Lithium-based batteries are often regarded as ‘dangerous’ or ‘volatile’, which is exaggerated, to say the least. The frequency and severity of explosions from conventional batteries are in fact higher than that of lithium prototypes. All vehicle counterparts have to go through extensive testing before getting approved for public use.

EV batteries are subject to their own set of standards, which are naturally met before installation in the vehicle. Not to mention, EVs are equipped with extra safety features to shut down the electric supply in the vehicle during accidents. If EVs were actually unsafe, you wouldn’t be able to purchase insurance for them.

5.      EVs are not affordable in the long run

There is no denying that the capital cost of an EV exceeds that of a conventional automobile by a hefty margin. However, if you take operation and maintenance costs into account, driving an EV is way cheaper on a daily basis. EVs run on lithium batteries that are super expensive, but then again they have a much greater lifespan. Given the recent surge in gas prices, driving an EV is a lot more economical and convenient.

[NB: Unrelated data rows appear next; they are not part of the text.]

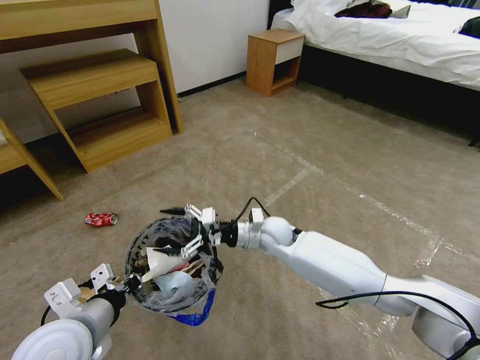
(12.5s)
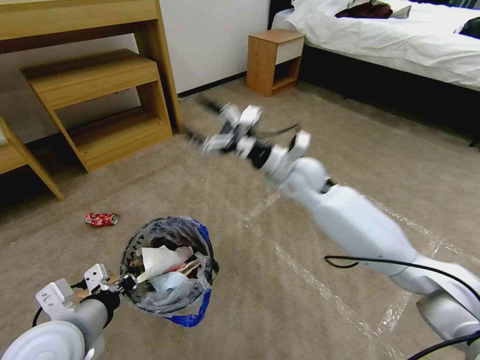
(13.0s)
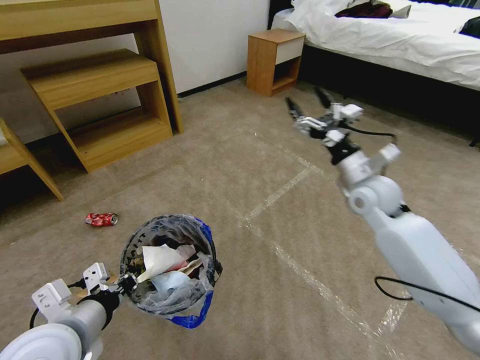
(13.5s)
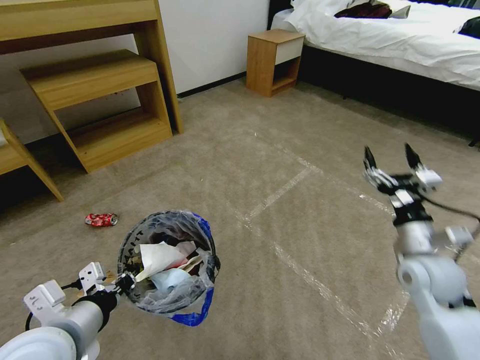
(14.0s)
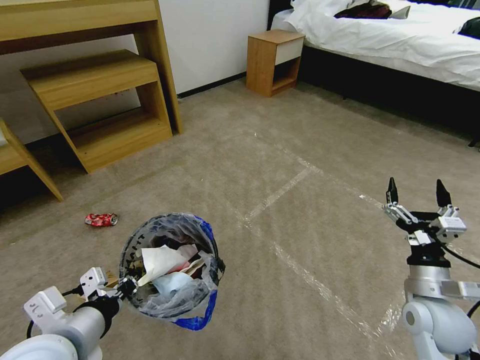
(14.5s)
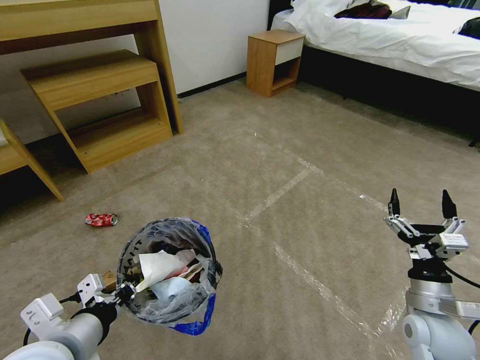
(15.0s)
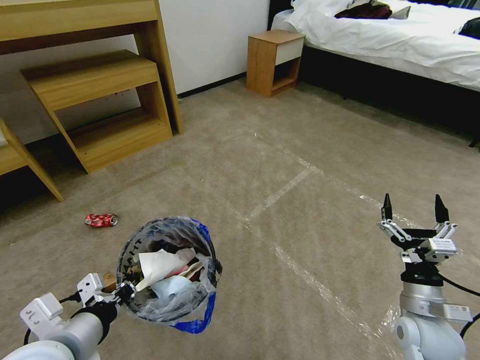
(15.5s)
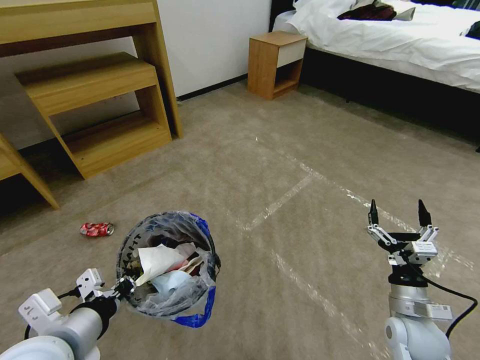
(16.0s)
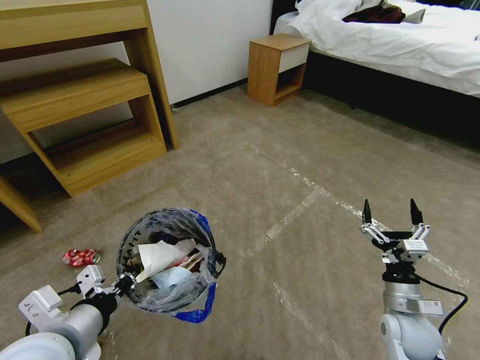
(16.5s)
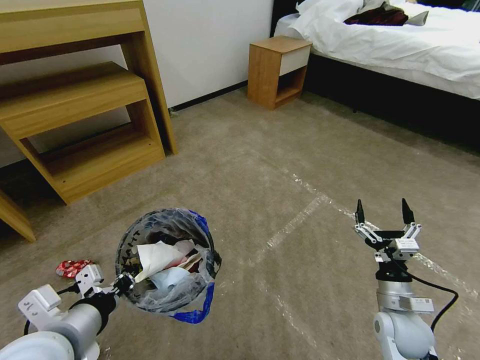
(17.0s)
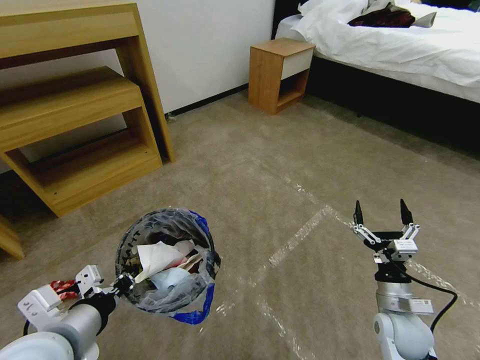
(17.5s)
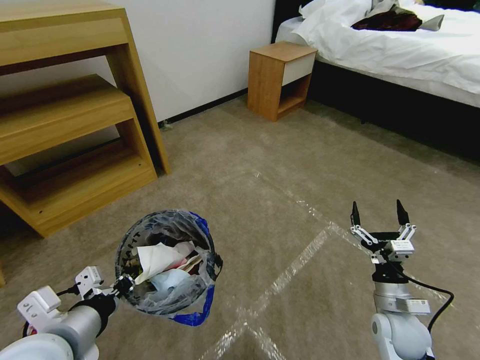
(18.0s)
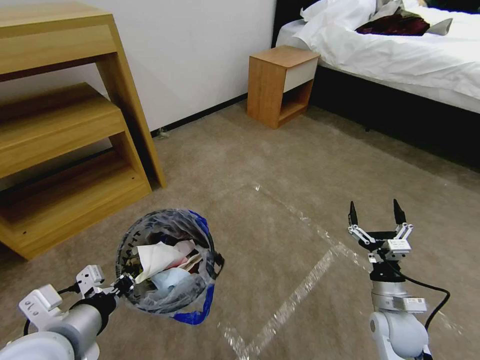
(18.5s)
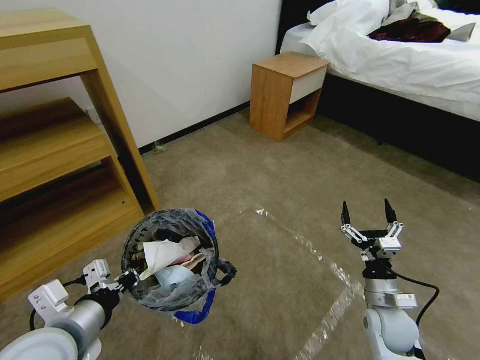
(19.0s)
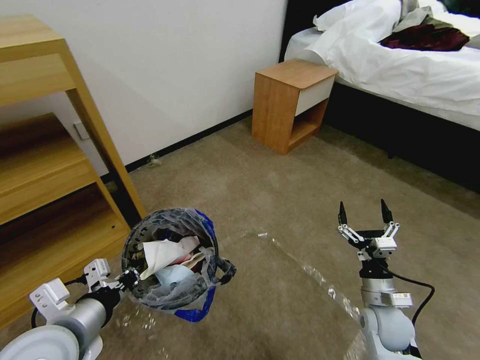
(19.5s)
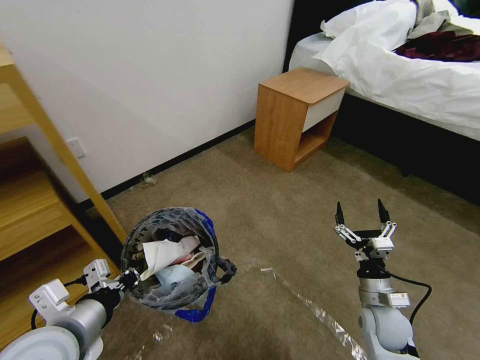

EVs are still in the development stage, so they are expected to become largely affordable once mass production begins. Every contemporary technology starts at a high price, but it gets cheaper when it becomes commonplace or widely available. 

6.      EVs lack in speed and power

Believe it or not, EVs are designed to run faster than their gasoline-powered equivalents. This revelation can be explained by the fact that an electric motor releases its entire available torque altogether. As a result, the transition from immobile to mobile is considerably quicker. The perfect example is the Model S by Tesla, which goes from zero to 60mph in under 3 seconds. 

7.      EVs are impractical without an extensive charging infrastructure

EVs can easily be charged at your home or any place providing access to an electric socket. How is that complicated in contrast to fueling up from a service station? It is only somewhat problematic for traveling exceptionally long distances, but still doable. Nonetheless, governments that are in favor of the technology are moving towards creating a sophisticated network of charging stations nationwide to increase public convenience. It takes time to adapt to new technology and convert it to a norm, and the progress of EVs is pretty good so far. 

You will obviously have to pay for the power you use to charge your car, but the money you save from not buying gas anymore will more than compensate for the increase in your electricity bill. The newer models of EVs are equipped with fast chargers, which can fully charge a car within 30-60 minutes. Once the car is completely charged, it may last a few days or more, depending on your daily usage.